## EXTRACTED RECORDS
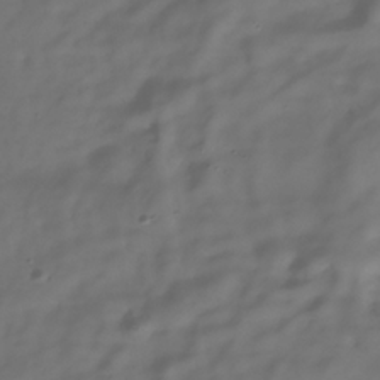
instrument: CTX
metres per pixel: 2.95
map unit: Hve
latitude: -31.1431
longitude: 94.1039
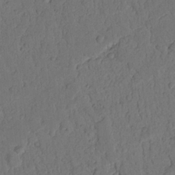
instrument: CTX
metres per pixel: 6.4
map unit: Nhu
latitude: 20.8380
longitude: -75.3671
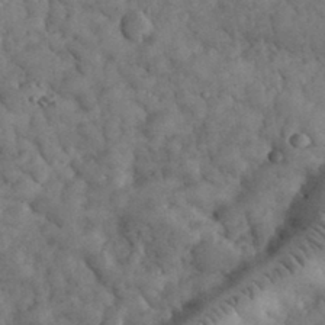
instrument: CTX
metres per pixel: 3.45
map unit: eHh
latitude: 33.0270
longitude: -68.5168
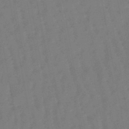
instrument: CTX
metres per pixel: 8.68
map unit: eHb
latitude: -46.5573
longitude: 82.2361
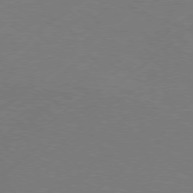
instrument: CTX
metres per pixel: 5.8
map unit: Hpe
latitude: 75.9717
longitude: -130.8569
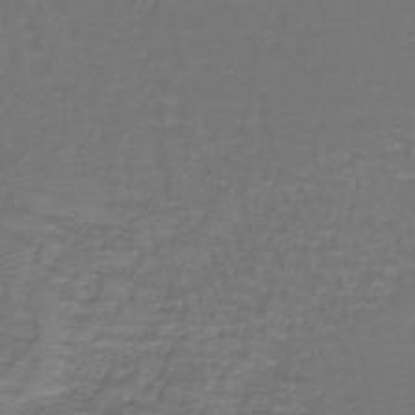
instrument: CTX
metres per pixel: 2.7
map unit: lHb
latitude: -42.9730
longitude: 57.4454
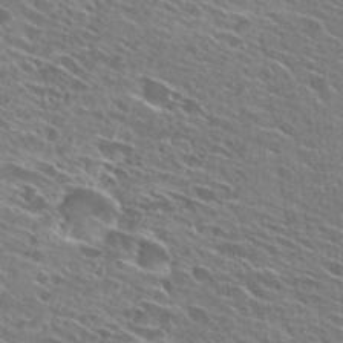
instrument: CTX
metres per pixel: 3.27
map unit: Hto
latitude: 27.0648
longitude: -43.4238
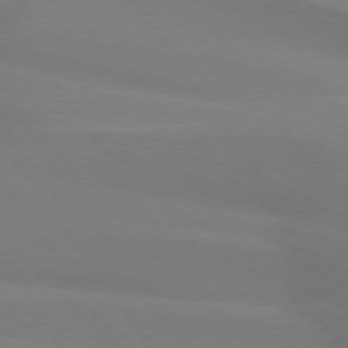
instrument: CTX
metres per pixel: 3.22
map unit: lApd
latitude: 74.2712
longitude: -63.3104
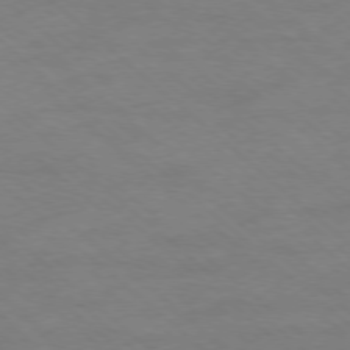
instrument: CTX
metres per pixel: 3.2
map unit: Ap
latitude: -77.8989
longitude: -98.1955

## TASK DETAILS
All text in the material above must be written out exactly; the images are to be skipped.

## RESULT
instrument: CTX
metres per pixel: 2.95
map unit: Hve
latitude: -31.1431
longitude: 94.1039
instrument: CTX
metres per pixel: 6.4
map unit: Nhu
latitude: 20.8380
longitude: -75.3671
instrument: CTX
metres per pixel: 3.45
map unit: eHh
latitude: 33.0270
longitude: -68.5168
instrument: CTX
metres per pixel: 8.68
map unit: eHb
latitude: -46.5573
longitude: 82.2361
instrument: CTX
metres per pixel: 5.8
map unit: Hpe
latitude: 75.9717
longitude: -130.8569
instrument: CTX
metres per pixel: 2.7
map unit: lHb
latitude: -42.9730
longitude: 57.4454
instrument: CTX
metres per pixel: 3.27
map unit: Hto
latitude: 27.0648
longitude: -43.4238
instrument: CTX
metres per pixel: 3.22
map unit: lApd
latitude: 74.2712
longitude: -63.3104
instrument: CTX
metres per pixel: 3.2
map unit: Ap
latitude: -77.8989
longitude: -98.1955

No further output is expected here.